**Task details**
Go over the listing below line by line, and return each one holding the string "Numbers".
Exercise inputs START
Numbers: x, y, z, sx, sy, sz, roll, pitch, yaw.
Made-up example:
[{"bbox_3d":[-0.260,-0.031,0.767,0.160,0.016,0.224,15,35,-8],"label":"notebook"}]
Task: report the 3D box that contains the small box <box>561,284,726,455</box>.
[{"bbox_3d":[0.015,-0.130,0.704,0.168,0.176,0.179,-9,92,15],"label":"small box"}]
Exercise inputs END
Exercise inputs START
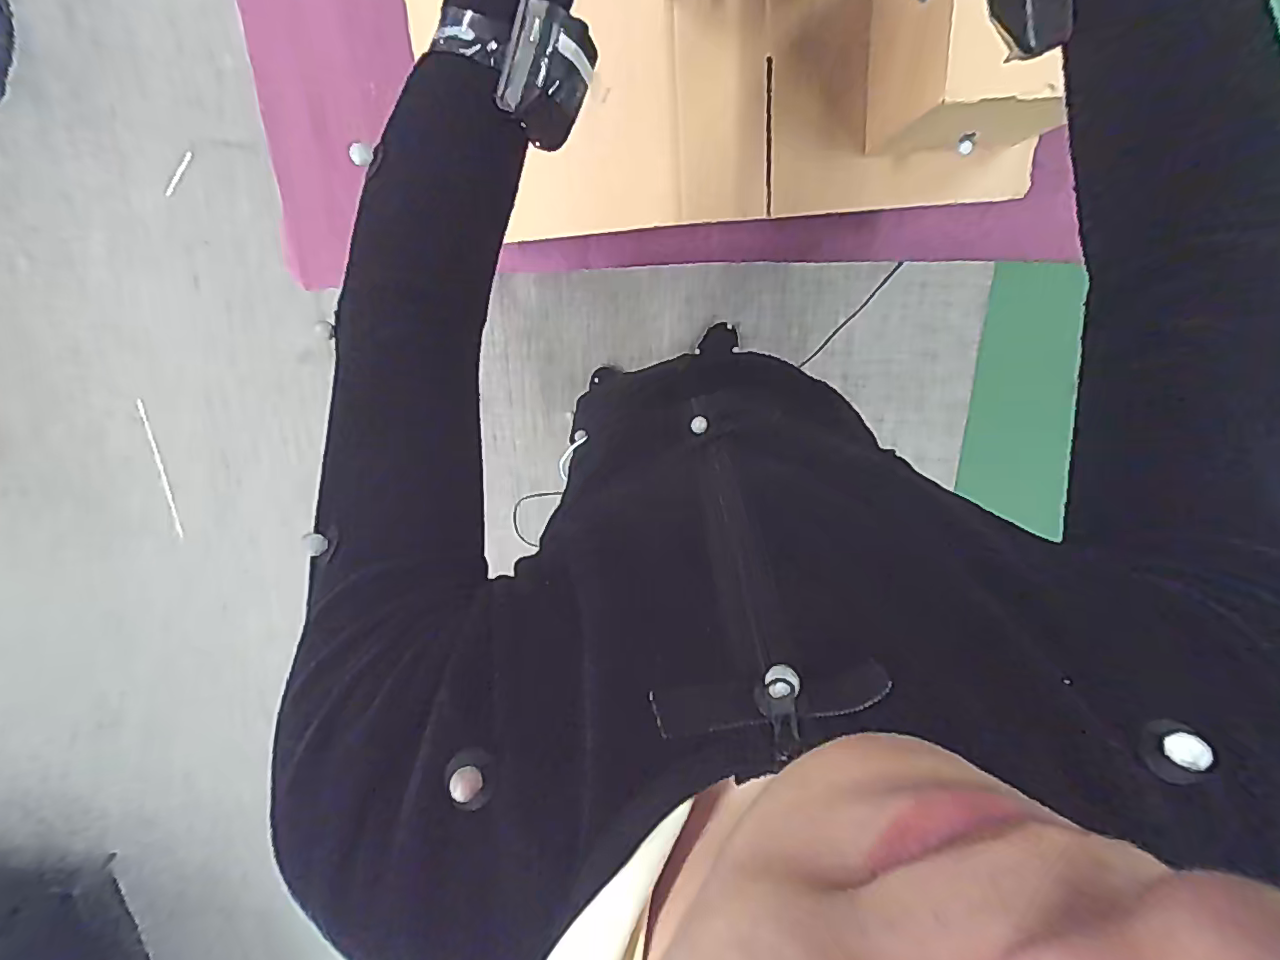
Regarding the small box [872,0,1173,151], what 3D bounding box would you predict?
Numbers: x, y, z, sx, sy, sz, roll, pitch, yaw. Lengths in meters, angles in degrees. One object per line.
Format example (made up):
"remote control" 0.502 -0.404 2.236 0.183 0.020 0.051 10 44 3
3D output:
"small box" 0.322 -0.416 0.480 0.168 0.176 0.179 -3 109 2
Exercise inputs END
**Finished task**
Numbers: x, y, z, sx, sy, sz, roll, pitch, yaw.
Numbers: x, y, z, sx, sy, sz, roll, pitch, yaw. Lengths in meters, angles in degrees. One object per line.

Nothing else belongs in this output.